Beyond Ingress: Building a "Keyless" Platform with GKE Gateway API
Abandoning legacy patterns for a modern stack: Workload Identity, ArgoCD, and Global Load Balancing.
An Aspiring DevOps Engineer passionate about automation, CI/CD, and cloud technologies. On a journey to simplify and optimize development workflows.
In Part 1, we provisioned a cost-effective GKE cluster using Spot Instances and Terraform. But right now, it’s just an empty shell. To make this environment actually usable for developers, we need to solve three fundamental problems:
Identity: How do we access GCP APIs (like Secret Manager) without dangerous JSON keys?
Ingress: How do we expose services to the public using the modern Gateway API?
GitOps: How do we deploy applications without manual
kubectl apply?
In this guide, we will implement a "Keyless" architecture using Workload Identity Federation and deploy ArgoCD behind a Google Global Load Balancer.
The Challenge: This setup involves a circular dependency (The "Deadlock") between the Gateway Load Balancer and Cert-Manager. This guide includes the specific workaround to break that loop.
The Architecture
Ingress: Kubernetes Gateway API (GKE L7 Global Load Balancer).
Identity: GCP Workload Identity (No Service Account Keys).
GitOps: ArgoCD (Running in insecure mode to offload SSL to the Gateway).
Secrets: External Secrets Operator (ESO) syncing from GCP Secret Manager.
Step 1: Install Platform Binaries (Terraform)
We avoid the hassle of installing Helm charts manually.

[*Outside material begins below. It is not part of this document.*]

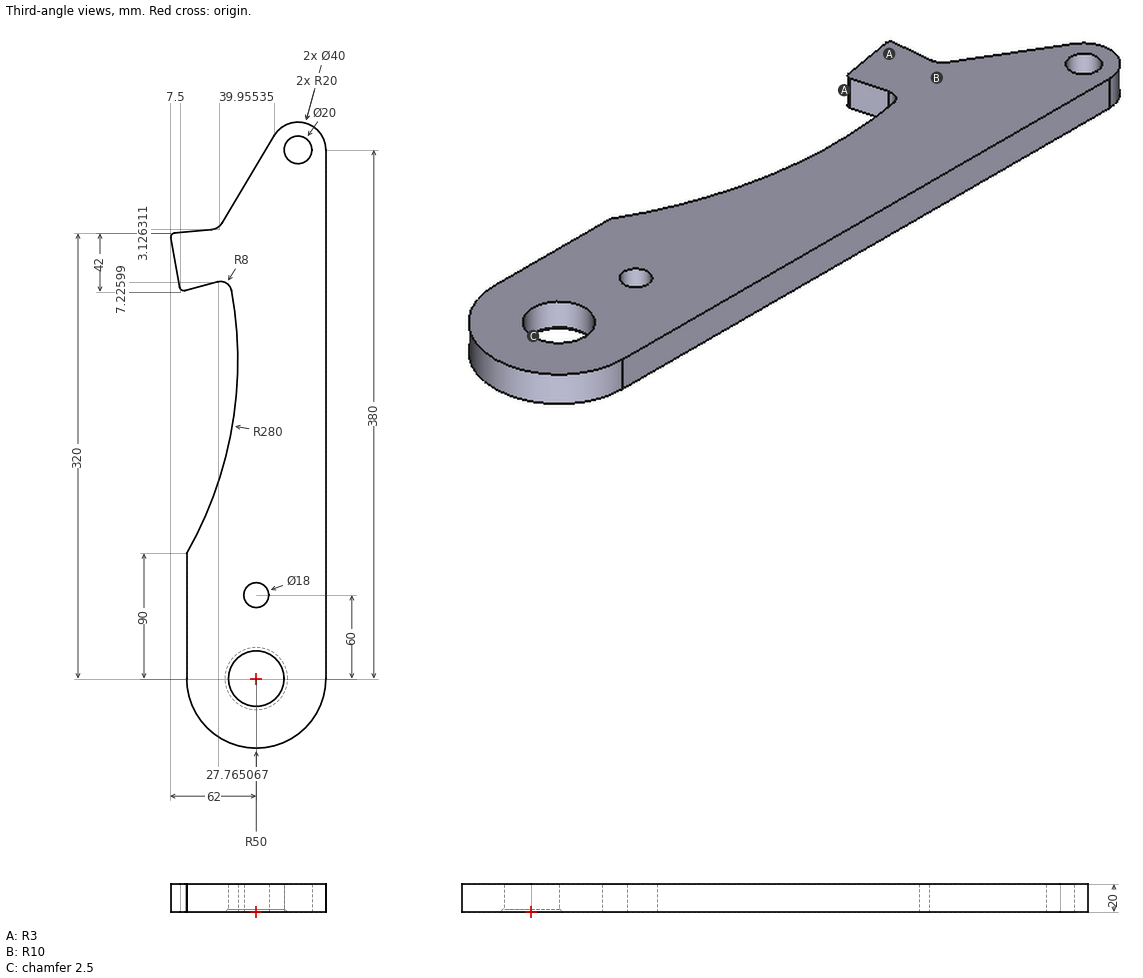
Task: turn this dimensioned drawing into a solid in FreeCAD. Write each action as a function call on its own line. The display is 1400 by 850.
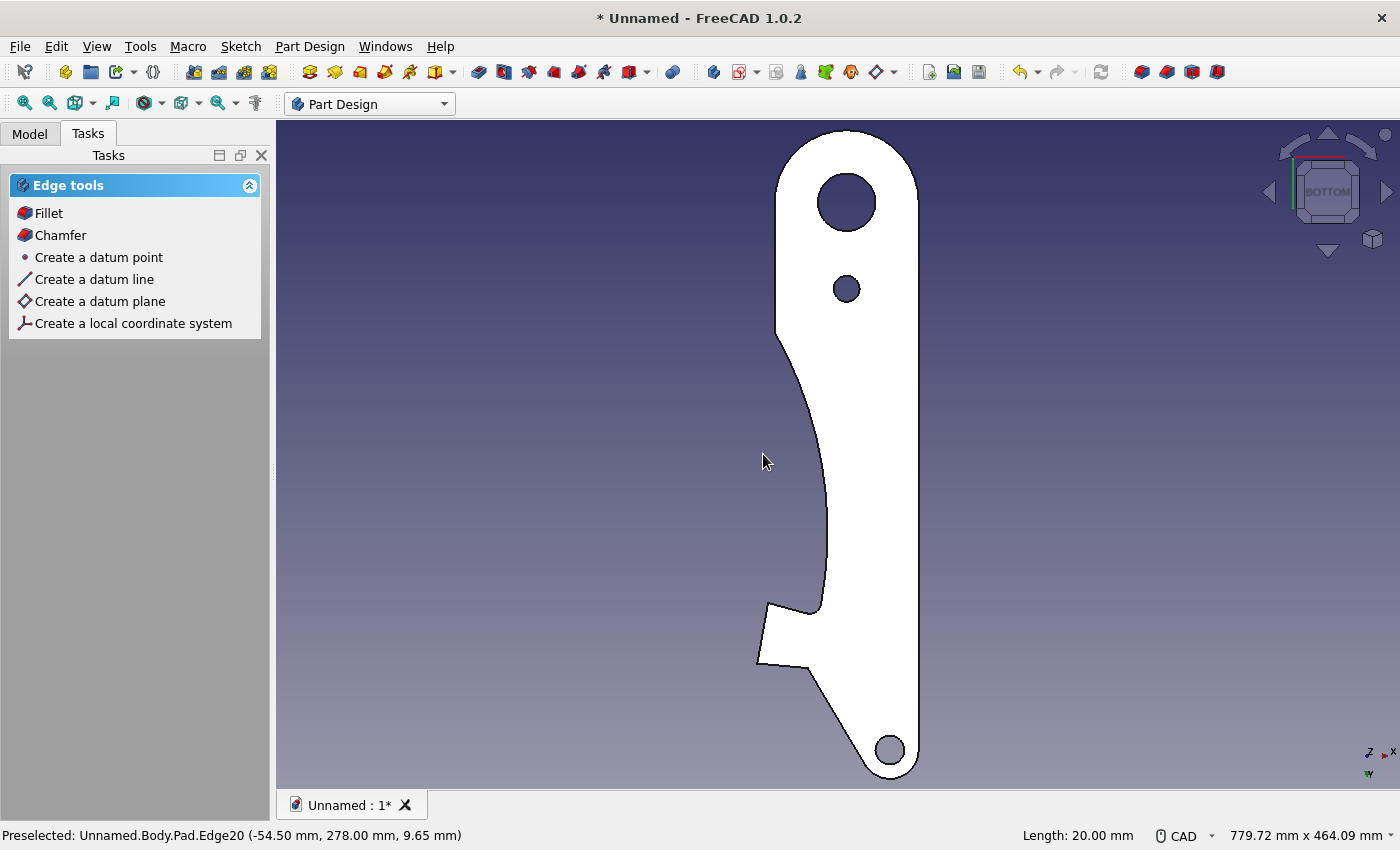
key(4)

We will use Terraform to install the required controllers (ArgoCD, External Secrets, Cert-Manager) via Helm.
1. Clone the Repo & Initialize
git clone https://github.com/anantvaid/otel-platform-infra
cd otel-platform-infra/terraform
terraform init
2. Review the Configuration
We are installing ArgoCD with a critical flag: --insecure.
Why? To prevent an Infinite Redirect Loop.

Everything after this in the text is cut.